* [REQUIRED WORK]: Could you transcribe each record below exactly as written, setting the pictures aside?

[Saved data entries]
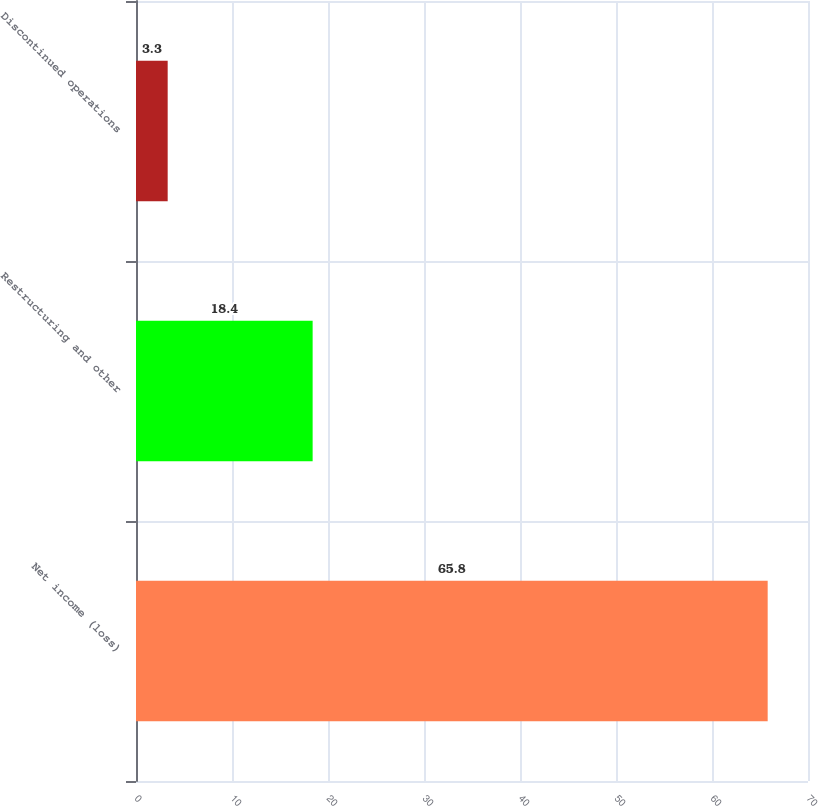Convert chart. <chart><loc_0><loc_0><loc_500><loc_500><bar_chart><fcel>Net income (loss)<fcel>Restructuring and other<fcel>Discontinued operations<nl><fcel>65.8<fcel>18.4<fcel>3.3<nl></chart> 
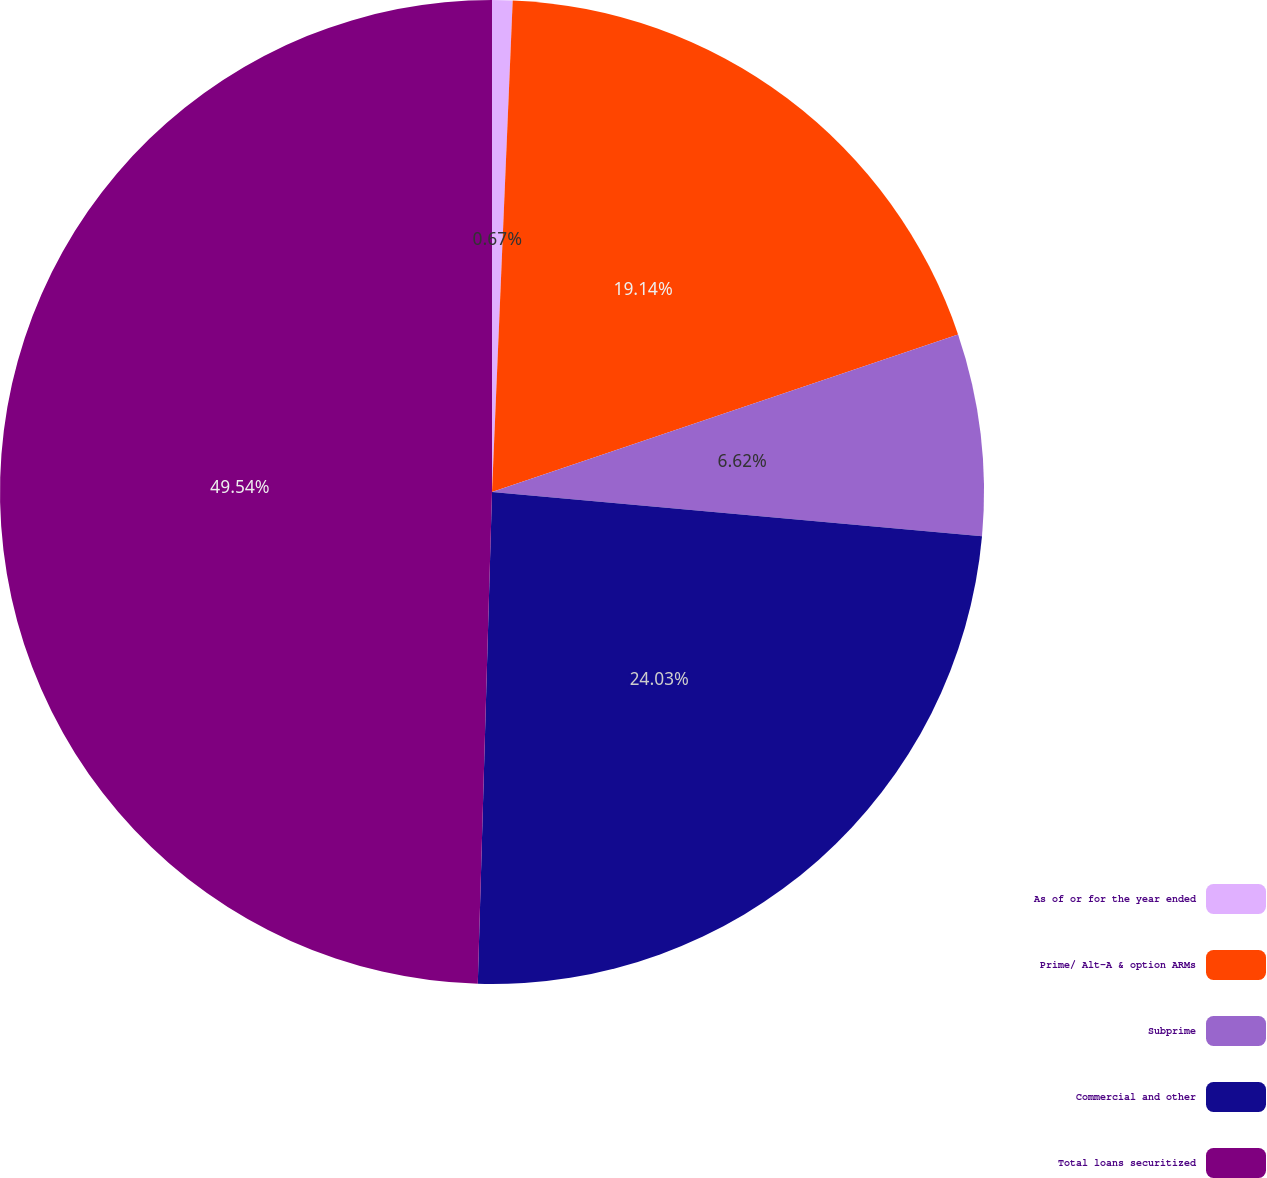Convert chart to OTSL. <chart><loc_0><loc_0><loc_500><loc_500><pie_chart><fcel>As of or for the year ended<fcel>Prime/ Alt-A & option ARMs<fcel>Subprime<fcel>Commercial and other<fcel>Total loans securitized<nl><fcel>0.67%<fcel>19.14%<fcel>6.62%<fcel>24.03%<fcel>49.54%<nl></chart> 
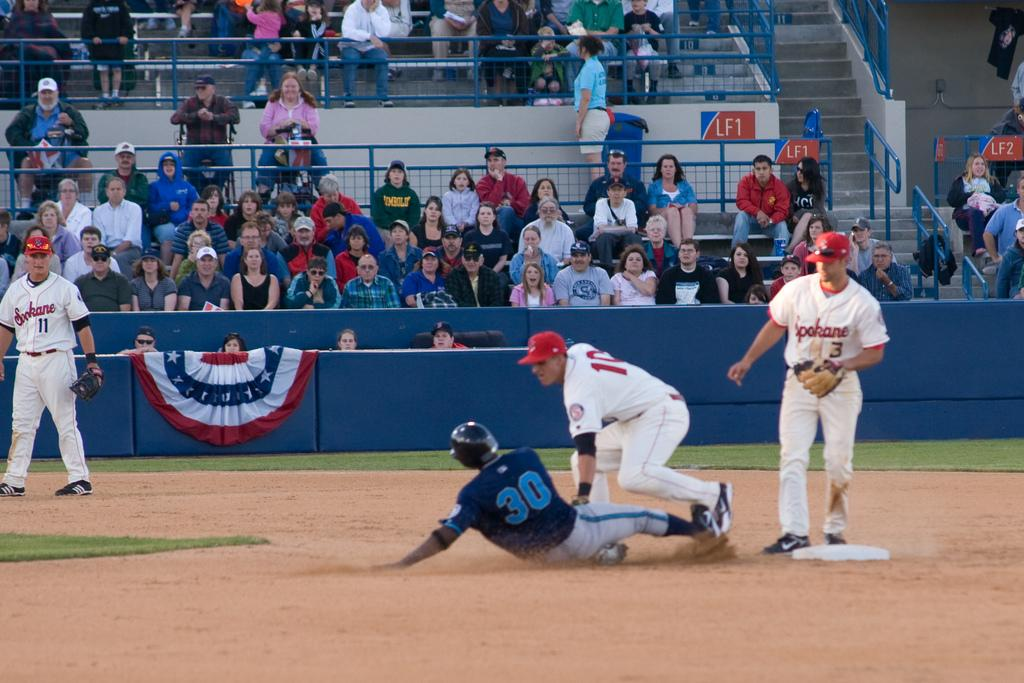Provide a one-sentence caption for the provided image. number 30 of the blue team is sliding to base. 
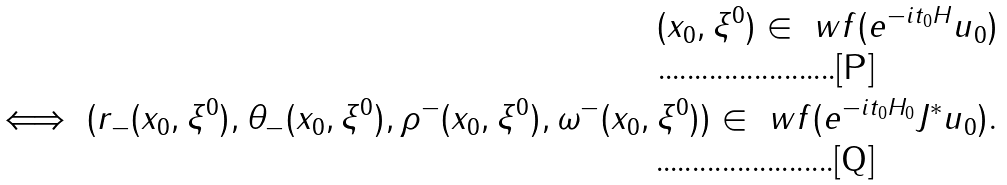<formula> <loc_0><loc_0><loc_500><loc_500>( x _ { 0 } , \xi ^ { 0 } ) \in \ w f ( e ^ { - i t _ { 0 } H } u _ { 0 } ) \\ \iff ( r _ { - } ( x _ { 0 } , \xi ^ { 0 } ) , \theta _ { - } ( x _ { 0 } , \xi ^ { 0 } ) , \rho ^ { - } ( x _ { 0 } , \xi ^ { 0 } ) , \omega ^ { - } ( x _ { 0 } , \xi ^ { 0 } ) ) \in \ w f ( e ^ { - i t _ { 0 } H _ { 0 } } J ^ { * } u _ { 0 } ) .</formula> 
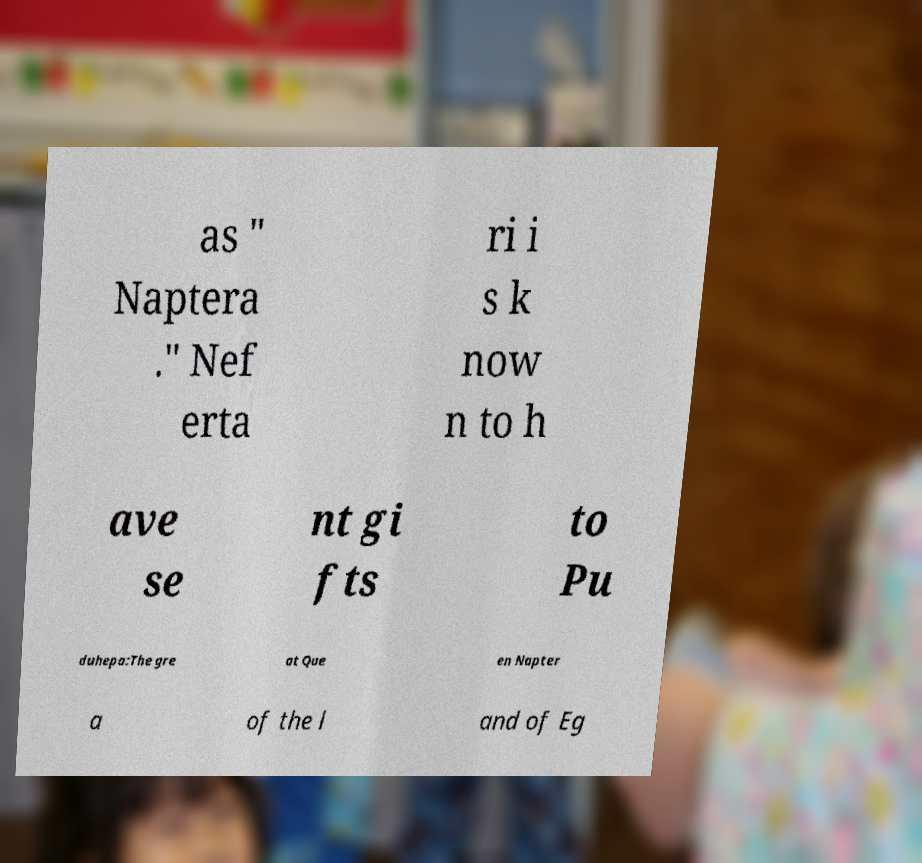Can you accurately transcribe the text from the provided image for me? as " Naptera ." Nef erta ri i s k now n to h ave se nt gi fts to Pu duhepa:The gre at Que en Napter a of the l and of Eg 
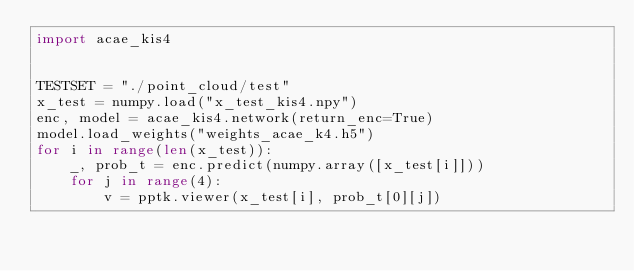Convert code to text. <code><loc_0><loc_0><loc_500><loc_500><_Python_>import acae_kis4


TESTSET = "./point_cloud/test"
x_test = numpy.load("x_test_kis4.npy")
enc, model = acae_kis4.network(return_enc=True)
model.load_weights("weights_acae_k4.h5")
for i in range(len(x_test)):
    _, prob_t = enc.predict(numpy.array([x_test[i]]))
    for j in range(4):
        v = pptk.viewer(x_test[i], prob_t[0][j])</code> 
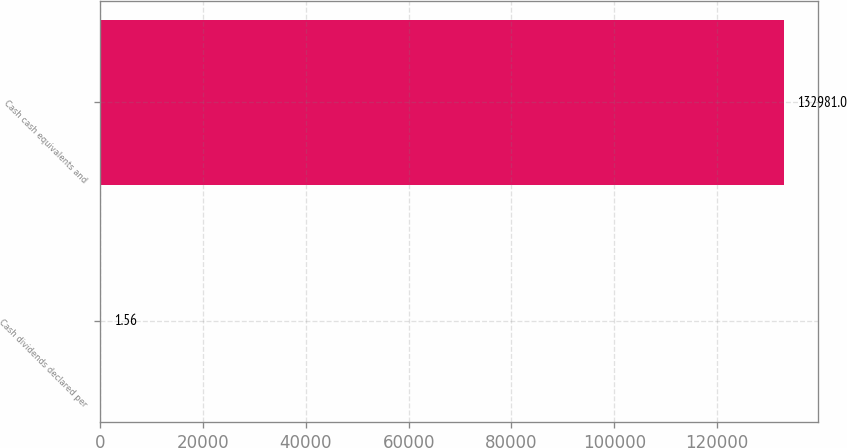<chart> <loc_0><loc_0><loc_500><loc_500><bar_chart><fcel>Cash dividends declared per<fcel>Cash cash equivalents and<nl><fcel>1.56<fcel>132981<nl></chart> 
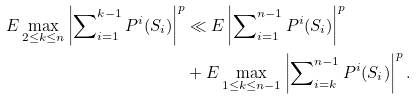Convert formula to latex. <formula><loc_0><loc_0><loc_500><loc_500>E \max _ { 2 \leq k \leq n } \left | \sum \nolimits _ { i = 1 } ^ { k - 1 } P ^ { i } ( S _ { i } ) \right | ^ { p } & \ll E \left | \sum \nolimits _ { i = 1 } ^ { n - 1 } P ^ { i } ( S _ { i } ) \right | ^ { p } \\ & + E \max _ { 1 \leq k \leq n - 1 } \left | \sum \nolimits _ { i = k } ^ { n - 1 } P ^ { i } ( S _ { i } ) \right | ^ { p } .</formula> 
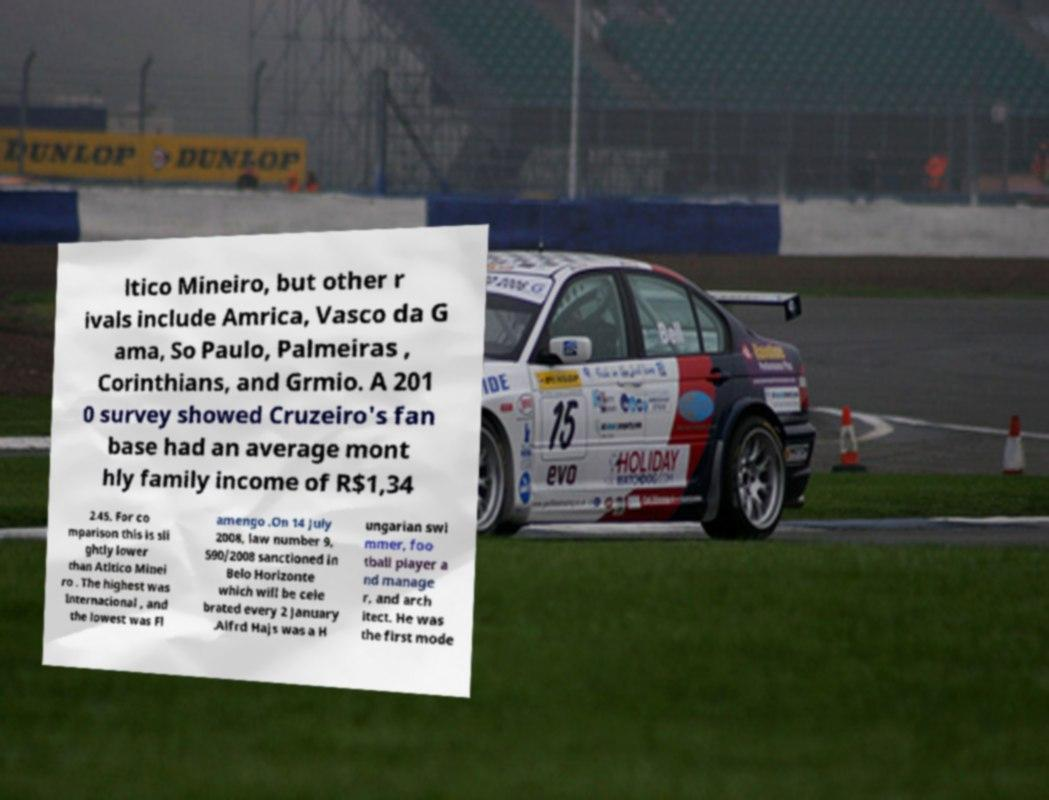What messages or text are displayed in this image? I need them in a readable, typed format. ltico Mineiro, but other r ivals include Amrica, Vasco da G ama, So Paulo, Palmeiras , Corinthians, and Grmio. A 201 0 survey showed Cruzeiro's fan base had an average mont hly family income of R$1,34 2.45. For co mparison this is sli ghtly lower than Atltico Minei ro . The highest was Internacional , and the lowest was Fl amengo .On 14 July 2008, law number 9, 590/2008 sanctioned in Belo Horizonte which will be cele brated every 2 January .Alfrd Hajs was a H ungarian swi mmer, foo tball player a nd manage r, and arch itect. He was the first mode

* [RESPONSE BELOW]:
Convert chart. <chart><loc_0><loc_0><loc_500><loc_500><bar_chart><fcel>Net income (loss)<fcel>Restructuring and other<fcel>Discontinued operations<nl><fcel>65.8<fcel>18.4<fcel>3.3<nl></chart> 
Convert chart to OTSL. <chart><loc_0><loc_0><loc_500><loc_500><pie_chart><fcel>As of or for the year ended<fcel>Prime/ Alt-A & option ARMs<fcel>Subprime<fcel>Commercial and other<fcel>Total loans securitized<nl><fcel>0.67%<fcel>19.14%<fcel>6.62%<fcel>24.03%<fcel>49.54%<nl></chart> 
Provide a one-sentence caption for the provided image. number 30 of the blue team is sliding to base. 
<formula> <loc_0><loc_0><loc_500><loc_500>( x _ { 0 } , \xi ^ { 0 } ) \in \ w f ( e ^ { - i t _ { 0 } H } u _ { 0 } ) \\ \iff ( r _ { - } ( x _ { 0 } , \xi ^ { 0 } ) , \theta _ { - } ( x _ { 0 } , \xi ^ { 0 } ) , \rho ^ { - } ( x _ { 0 } , \xi ^ { 0 } ) , \omega ^ { - } ( x _ { 0 } , \xi ^ { 0 } ) ) \in \ w f ( e ^ { - i t _ { 0 } H _ { 0 } } J ^ { * } u _ { 0 } ) .</formula> 
Can you accurately transcribe the text from the provided image for me? as " Naptera ." Nef erta ri i s k now n to h ave se nt gi fts to Pu duhepa:The gre at Que en Napter a of the l and of Eg 
Convert code to text. <code><loc_0><loc_0><loc_500><loc_500><_Python_>import acae_kis4


TESTSET = "./point_cloud/test"
x_test = numpy.load("x_test_kis4.npy")
enc, model = acae_kis4.network(return_enc=True)
model.load_weights("weights_acae_k4.h5")
for i in range(len(x_test)):
    _, prob_t = enc.predict(numpy.array([x_test[i]]))
    for j in range(4):
        v = pptk.viewer(x_test[i], prob_t[0][j])</code> 
<chart> <loc_0><loc_0><loc_500><loc_500><bar_chart><fcel>Cash dividends declared per<fcel>Cash cash equivalents and<nl><fcel>1.56<fcel>132981<nl></chart> 
Convert formula to latex. <formula><loc_0><loc_0><loc_500><loc_500>E \max _ { 2 \leq k \leq n } \left | \sum \nolimits _ { i = 1 } ^ { k - 1 } P ^ { i } ( S _ { i } ) \right | ^ { p } & \ll E \left | \sum \nolimits _ { i = 1 } ^ { n - 1 } P ^ { i } ( S _ { i } ) \right | ^ { p } \\ & + E \max _ { 1 \leq k \leq n - 1 } \left | \sum \nolimits _ { i = k } ^ { n - 1 } P ^ { i } ( S _ { i } ) \right | ^ { p } .</formula> 
What messages or text are displayed in this image? I need them in a readable, typed format. ltico Mineiro, but other r ivals include Amrica, Vasco da G ama, So Paulo, Palmeiras , Corinthians, and Grmio. A 201 0 survey showed Cruzeiro's fan base had an average mont hly family income of R$1,34 2.45. For co mparison this is sli ghtly lower than Atltico Minei ro . The highest was Internacional , and the lowest was Fl amengo .On 14 July 2008, law number 9, 590/2008 sanctioned in Belo Horizonte which will be cele brated every 2 January .Alfrd Hajs was a H ungarian swi mmer, foo tball player a nd manage r, and arch itect. He was the first mode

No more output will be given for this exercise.